= Task statement =
A faithful, word-for-word copy of the data below is required, without pictures.

Items from a data source
- Opening Delimiter -
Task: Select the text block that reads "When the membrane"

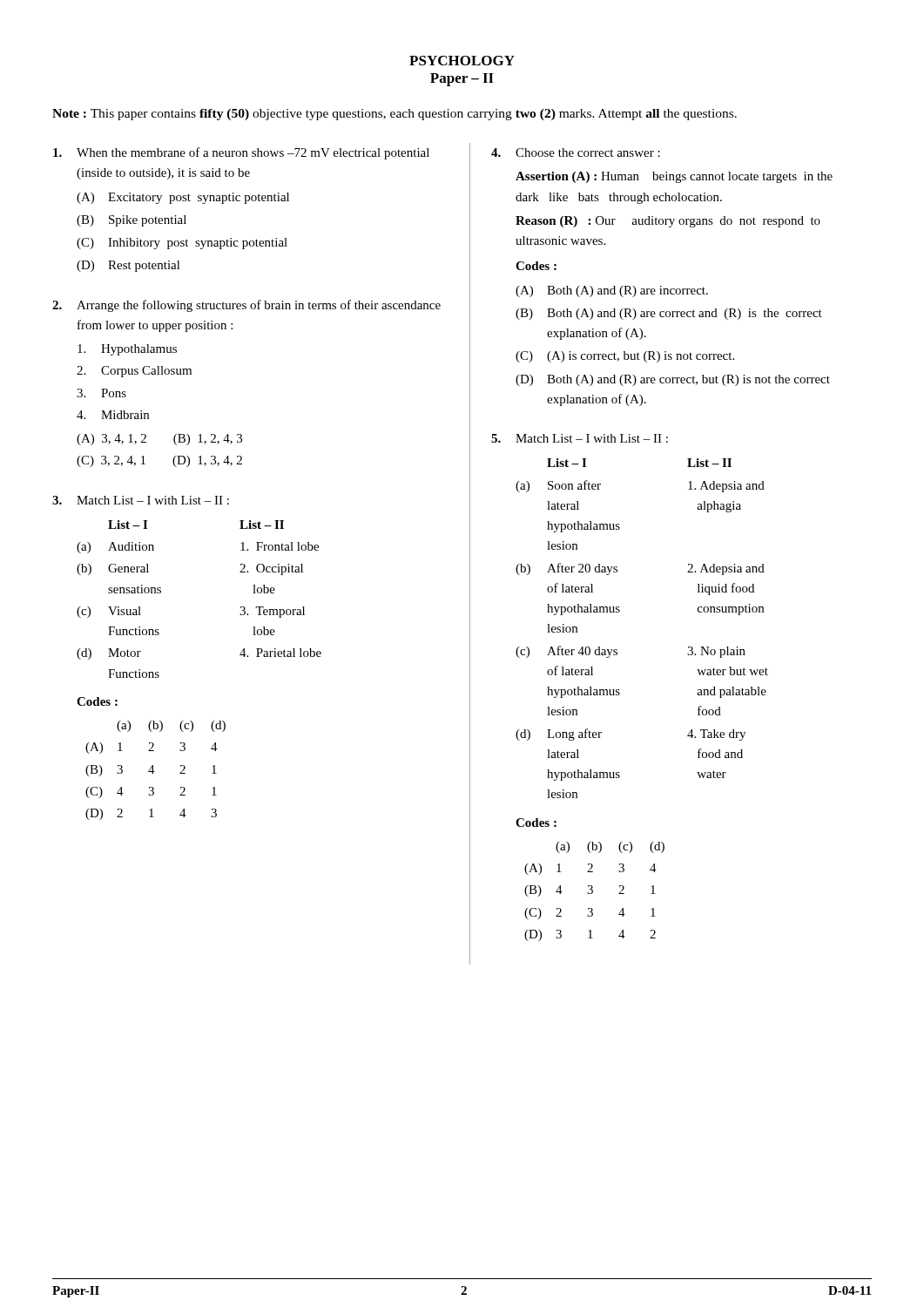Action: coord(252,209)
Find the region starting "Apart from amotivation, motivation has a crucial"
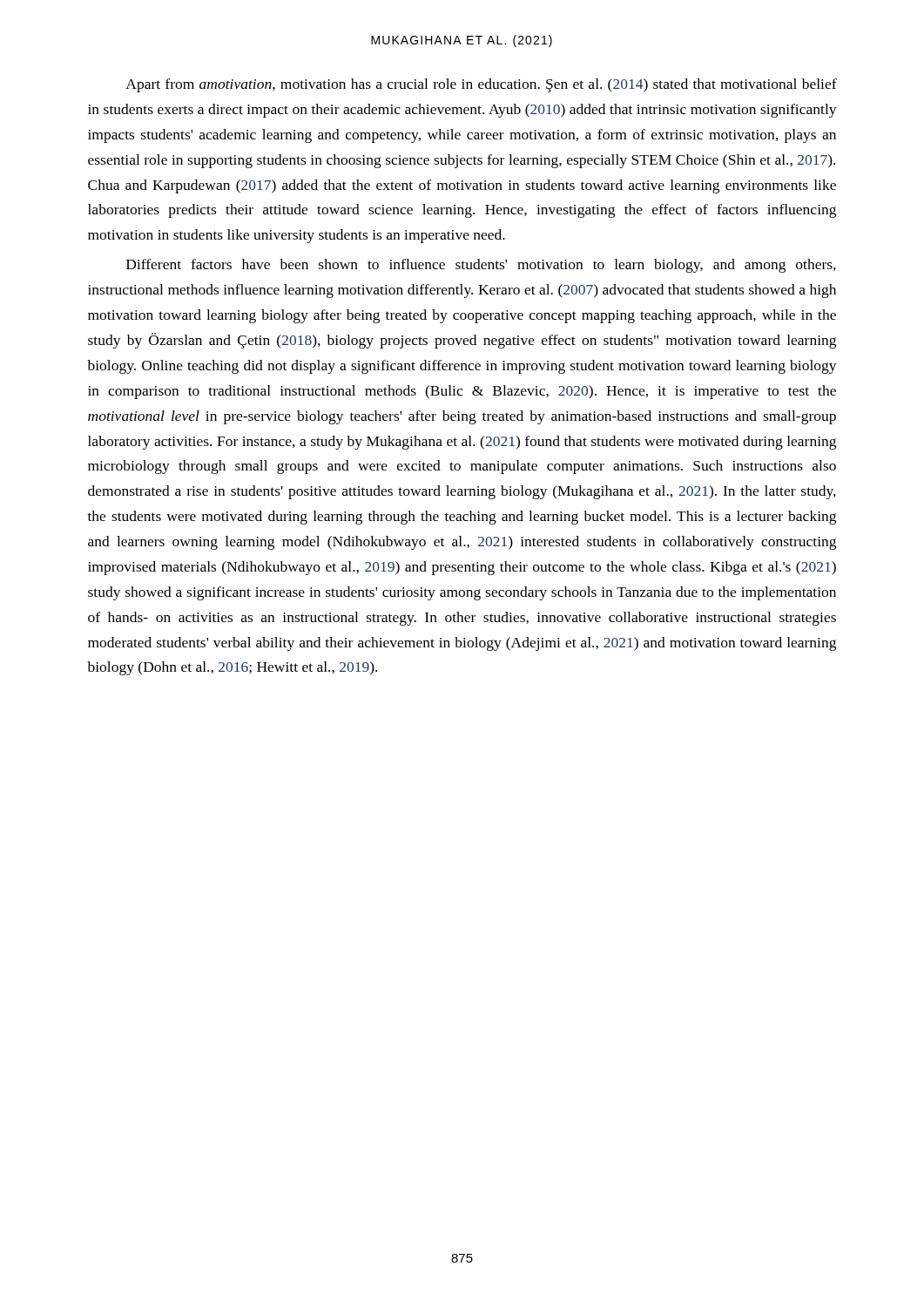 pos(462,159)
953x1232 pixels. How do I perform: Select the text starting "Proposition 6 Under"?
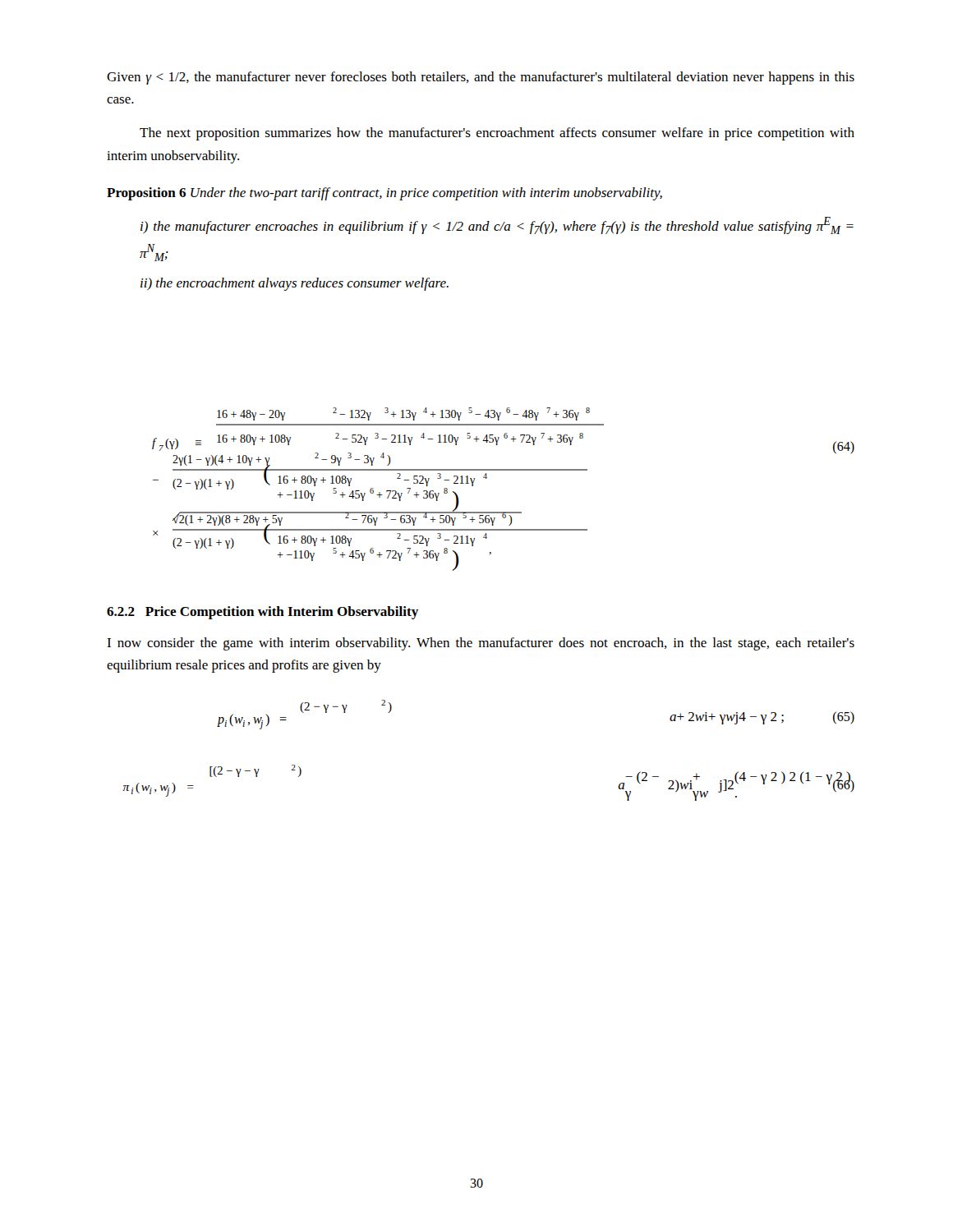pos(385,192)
- Closing Delimiter -
= Result of the task =
Task: Select the text block that reads "When the membrane"

Action: coord(252,209)
Find the region starting "Apart from amotivation, motivation has a crucial"
 pos(462,159)
953x1232 pixels. How do I perform: Select the text starting "Proposition 6 Under"?
pos(385,192)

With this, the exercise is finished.